<<<<
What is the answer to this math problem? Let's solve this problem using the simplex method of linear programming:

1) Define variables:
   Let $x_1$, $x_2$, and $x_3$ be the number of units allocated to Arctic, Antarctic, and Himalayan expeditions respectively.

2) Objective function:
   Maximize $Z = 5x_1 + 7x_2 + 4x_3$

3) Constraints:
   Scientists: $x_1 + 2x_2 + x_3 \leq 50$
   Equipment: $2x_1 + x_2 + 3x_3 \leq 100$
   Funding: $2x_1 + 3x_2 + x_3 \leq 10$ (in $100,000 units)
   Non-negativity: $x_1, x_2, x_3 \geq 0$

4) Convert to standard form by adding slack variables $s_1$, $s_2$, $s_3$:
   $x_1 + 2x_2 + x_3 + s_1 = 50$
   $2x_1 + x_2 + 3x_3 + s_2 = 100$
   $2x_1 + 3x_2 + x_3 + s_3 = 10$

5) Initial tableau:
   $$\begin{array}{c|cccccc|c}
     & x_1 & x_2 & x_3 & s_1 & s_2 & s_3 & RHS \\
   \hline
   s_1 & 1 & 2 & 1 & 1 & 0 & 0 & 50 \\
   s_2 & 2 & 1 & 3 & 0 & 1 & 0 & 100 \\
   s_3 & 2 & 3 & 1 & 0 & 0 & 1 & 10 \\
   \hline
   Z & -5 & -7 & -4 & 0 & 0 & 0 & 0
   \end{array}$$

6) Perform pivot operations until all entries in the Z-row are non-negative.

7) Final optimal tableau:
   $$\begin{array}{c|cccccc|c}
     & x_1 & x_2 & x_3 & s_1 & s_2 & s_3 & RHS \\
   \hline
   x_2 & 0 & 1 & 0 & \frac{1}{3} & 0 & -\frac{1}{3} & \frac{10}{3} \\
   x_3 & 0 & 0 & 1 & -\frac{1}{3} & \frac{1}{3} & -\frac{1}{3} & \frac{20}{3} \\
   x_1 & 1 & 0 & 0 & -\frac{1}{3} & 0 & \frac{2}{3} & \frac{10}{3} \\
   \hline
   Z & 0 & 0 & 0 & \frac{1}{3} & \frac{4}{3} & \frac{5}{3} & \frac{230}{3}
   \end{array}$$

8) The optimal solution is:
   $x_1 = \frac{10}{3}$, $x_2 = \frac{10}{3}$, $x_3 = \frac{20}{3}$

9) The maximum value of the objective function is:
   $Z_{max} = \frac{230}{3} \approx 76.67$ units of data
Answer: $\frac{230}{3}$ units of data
>>>>
<<<<
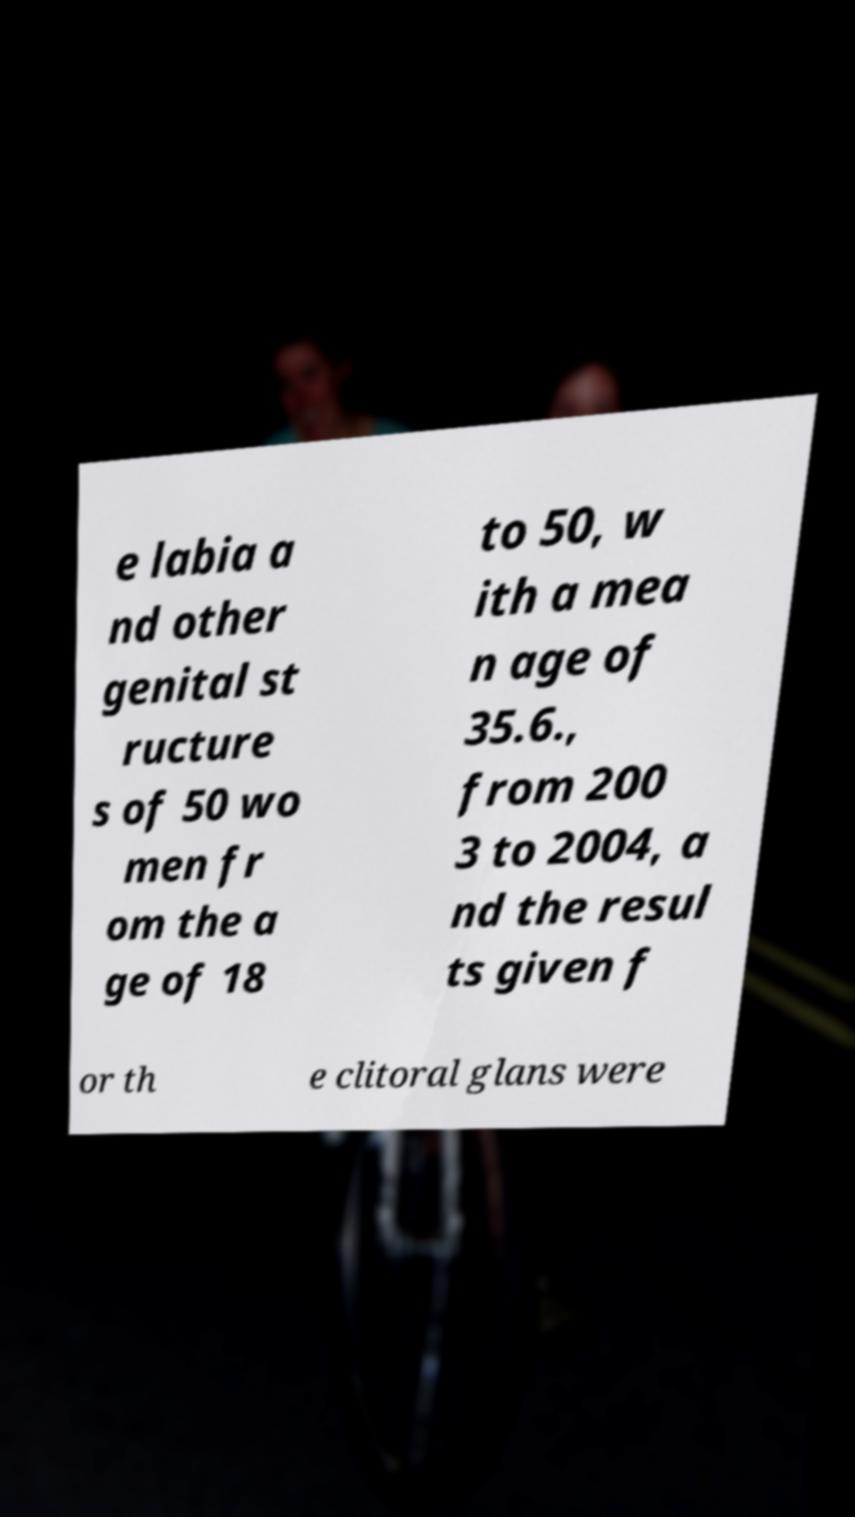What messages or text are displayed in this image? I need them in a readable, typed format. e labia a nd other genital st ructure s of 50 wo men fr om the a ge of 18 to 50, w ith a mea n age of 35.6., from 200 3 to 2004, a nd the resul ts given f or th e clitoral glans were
>>>>
» **Activity**
"function" is the string to look for; please copy every line of the records above where it appears.

» **Result of this task**
2) Objective function:
9) The maximum value of the objective function is:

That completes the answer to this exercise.